Question

In isosceles triangle △ABC,

AC
is the base and
AD
is the angle bisector of ∠A. What are the measures of the angles of this triangle if m∠ADB = 110°?

Answer 1

Isosceles triangle:

* two sides are equal.

* the base angle are always equal and

* the altitude is a perpendicular distance from the vertex to the base.
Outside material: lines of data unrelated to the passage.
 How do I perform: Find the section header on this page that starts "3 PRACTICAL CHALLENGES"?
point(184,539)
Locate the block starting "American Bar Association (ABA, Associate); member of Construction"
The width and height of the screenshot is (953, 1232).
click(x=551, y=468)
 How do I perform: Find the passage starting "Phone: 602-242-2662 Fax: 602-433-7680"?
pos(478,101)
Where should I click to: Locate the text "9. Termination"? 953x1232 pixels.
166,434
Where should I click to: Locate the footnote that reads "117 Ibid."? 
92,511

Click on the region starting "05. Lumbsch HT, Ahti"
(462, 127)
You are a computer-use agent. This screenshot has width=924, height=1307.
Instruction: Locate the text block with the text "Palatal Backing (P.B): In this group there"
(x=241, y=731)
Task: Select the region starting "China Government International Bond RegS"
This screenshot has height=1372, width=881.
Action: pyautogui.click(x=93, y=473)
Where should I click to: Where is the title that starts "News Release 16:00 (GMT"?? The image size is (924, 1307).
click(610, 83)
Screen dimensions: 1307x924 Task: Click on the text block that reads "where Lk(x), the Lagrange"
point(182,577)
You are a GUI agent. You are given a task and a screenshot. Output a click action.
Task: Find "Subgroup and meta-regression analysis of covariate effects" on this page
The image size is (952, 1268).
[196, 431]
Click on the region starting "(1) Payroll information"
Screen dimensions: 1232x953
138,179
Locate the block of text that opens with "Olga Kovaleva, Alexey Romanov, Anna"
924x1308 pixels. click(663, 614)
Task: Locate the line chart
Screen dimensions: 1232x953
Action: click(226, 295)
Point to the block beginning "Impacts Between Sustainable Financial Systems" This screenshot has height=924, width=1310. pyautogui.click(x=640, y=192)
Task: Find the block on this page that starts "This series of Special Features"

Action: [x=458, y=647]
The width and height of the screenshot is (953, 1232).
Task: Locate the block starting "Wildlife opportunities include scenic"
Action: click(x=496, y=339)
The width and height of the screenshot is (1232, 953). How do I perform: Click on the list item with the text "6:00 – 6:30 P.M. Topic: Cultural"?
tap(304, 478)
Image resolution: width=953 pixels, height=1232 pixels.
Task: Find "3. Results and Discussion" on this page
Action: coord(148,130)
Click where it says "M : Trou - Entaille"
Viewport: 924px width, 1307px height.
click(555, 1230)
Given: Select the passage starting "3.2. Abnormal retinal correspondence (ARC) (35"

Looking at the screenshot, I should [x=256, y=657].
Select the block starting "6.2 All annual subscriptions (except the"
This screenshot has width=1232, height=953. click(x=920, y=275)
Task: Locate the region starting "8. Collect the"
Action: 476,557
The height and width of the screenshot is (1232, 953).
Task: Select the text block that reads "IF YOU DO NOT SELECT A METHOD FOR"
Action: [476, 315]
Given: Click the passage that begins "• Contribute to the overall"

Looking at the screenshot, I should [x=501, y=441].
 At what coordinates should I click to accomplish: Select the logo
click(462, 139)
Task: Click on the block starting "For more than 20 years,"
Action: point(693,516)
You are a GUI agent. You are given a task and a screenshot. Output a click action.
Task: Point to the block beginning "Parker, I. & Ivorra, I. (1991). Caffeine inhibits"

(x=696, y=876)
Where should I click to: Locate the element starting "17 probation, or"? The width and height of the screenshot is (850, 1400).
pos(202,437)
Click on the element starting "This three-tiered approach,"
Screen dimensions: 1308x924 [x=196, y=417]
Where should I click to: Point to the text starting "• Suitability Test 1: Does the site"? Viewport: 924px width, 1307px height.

Since, the triangle ABC is an isosceles and AC is the base

⇒ AB=BC and
`\angle A = \angle C`

Also, AD is the angle bisector of
`\angle A`, which implies that it cuts the angle at A in two equal halves,

let
`\angle A= x^(\circ)`, then the bisectors cuts it in
`(x/2)^(\circ)`.

As per the given information, we know
`\angle ADB` is 110°, therefore, the line BDC forms a supplementary angle;

⇒
`\angle CDA = 180-110 =70^(\circ)`

As shown in picture given below:

By sum of all interior angles in a triangle is 180 degree, thus

`x+(x)/(2) +70^(\circ) =180^(\circ)` or

`(3x)/(2) = 180-70 = 110^(\circ)`

Simplify:

`x=(220)/(3) = 73(1)/(3)^(\circ)`

Therefore, the
`\angle A =\angle C = 73(1)/(3)^(\circ)`.

Now, to find the angle B, we have;

`\angle A+ \angle B +\angle C = 180^(\circ)` [Sum of the measure of the angles in a triangle is 180 degree]

or

`2\angle A+\angle B = 180^(\circ)` or

`\angle B = 180^(\circ)- 2\cdot (220)/(3) =180^(\circ)-(440)/(3)`

Simplify:

`\angle B = (100)/(3)= 33 (1)/(3)^(\circ)`.